The preacher who came up with this most poetic description of cycles claimed to be
"King in Jerusalem" and is sometimes identified as Solomon, son of David and
Bathsheba. Of course, since Ecclesiastes passed on before the Israelites learnt of the zero,
he didn't follow through with any maths to back his assertion of circular repetition.
Several contemporaneous Hindu philosophers also contemplated cycles. They knew
about the zero. But they lacked interest and insight into the dismal science and history.
Instead, they focussed on cosmic destruction and recreation.
The pioneer at applying maths to cycle-theory was an atheist. Nikolai Kondratieff was the
Russian prototype of P C Mahalanobis. As director of the Soviet Institute for the Study of
Business Activity, he headed the band of fellow travellers who drafted the First Five Year
Plan.
In order to isolate the variables to be tweaked to stimulate growth, NK crunched a lot of
data (French, British, American, German) garnered from 1789 onwards. Unfortunately,
he exceeded his brief and came to uncomfortable conclusions, which he naively chose to
share in a 1926 essay on "Long Waves in Economic Life".

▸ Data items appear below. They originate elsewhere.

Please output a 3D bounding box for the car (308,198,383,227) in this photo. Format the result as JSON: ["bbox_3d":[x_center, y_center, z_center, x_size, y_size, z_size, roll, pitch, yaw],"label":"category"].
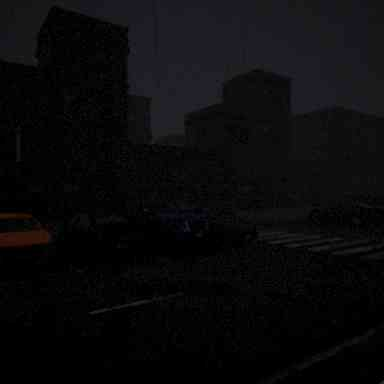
[{"bbox_3d":[10.038,1.412,22.040,2.231,1.521,4.892,0,0,-35],"label":"car"}]

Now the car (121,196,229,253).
[{"bbox_3d":[-1.319,1.192,14.027,2.435,2.045,5.566,0,0,-35],"label":"car"}]

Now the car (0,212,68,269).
[{"bbox_3d":[-5.885,1.453,10.857,2.097,1.535,5.008,0,0,-35],"label":"car"}]

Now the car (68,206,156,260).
[{"bbox_3d":[-3.604,1.449,12.447,2.231,1.521,4.892,0,0,-35],"label":"car"}]

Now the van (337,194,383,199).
[{"bbox_3d":[12.240,1.178,23.739,1.878,1.987,4.442,0,0,-35],"label":"van"}]

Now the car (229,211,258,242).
[{"bbox_3d":[0.957,1.467,15.626,2.163,1.488,4.792,0,0,-35],"label":"car"}]
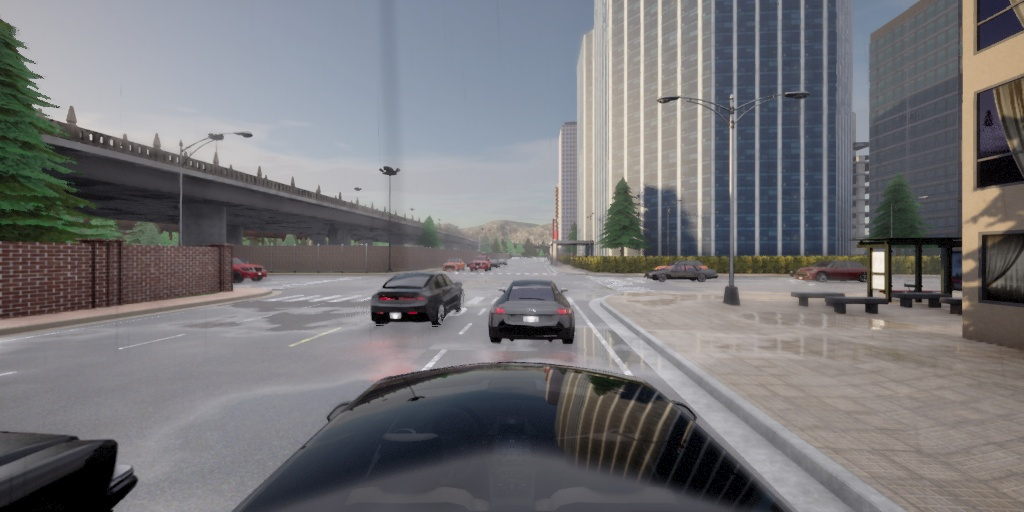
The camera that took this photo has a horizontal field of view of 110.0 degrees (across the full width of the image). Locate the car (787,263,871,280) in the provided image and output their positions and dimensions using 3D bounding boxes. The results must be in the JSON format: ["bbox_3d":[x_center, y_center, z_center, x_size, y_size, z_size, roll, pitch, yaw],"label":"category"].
[{"bbox_3d":[27.572,1.352,31.329,5.357,1.411,2.033,0,0,4],"label":"car"}]

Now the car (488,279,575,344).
[{"bbox_3d":[0.557,1.314,9.633,1.994,1.385,4.181,0,0,4],"label":"car"}]

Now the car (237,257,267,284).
[{"bbox_3d":[-22.133,1.027,27.750,5.566,2.045,2.150,0,0,4],"label":"car"}]

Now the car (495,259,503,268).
[{"bbox_3d":[-3.104,1.228,58.952,1.882,1.535,5.008,0,1,4],"label":"car"}]

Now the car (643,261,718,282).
[{"bbox_3d":[13.507,1.353,28.853,5.357,1.411,2.033,0,0,4],"label":"car"}]

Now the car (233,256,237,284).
[{"bbox_3d":[-22.268,1.027,24.244,5.566,2.045,2.150,0,0,4],"label":"car"}]

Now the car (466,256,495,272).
[{"bbox_3d":[-4.000,0.971,46.554,2.150,2.045,5.566,0,0,4],"label":"car"}]

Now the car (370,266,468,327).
[{"bbox_3d":[-2.835,1.257,11.612,1.837,1.490,4.892,0,1,4],"label":"car"}]

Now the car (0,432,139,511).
[{"bbox_3d":[-3.411,1.351,0.158,1.895,1.301,4.718,0,0,1],"label":"car"}]

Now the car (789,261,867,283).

Stalin, who was not known to respect objectivity in academic (or other) matters, decided
that LWEL was a criticism of planning. Uncle Joe had the revisionist NK arrested and
sent off to the Gulag. In the late 1930s, as events were panning out along the lines NK
predicted, he was shot.
Kondratieff postulated that the global economy goes through very long cycles of
expansion and decompression. According to LWEL, a vast boom and bust cycle is
completed every 50 to 60 years.
There are four phases inside each long K-Cycle. Rather poetically, these are referred to as
"seasons". The first phase is beneficial inflation (spring), stagflationary recession
(summer), beneficial deflation (autumn), and depression (winter). NK looked at
admittedly scanty and unreliable data on trade, iron, coal, petroleum and gold production,
wages, bond yields, etc, over about 140 years.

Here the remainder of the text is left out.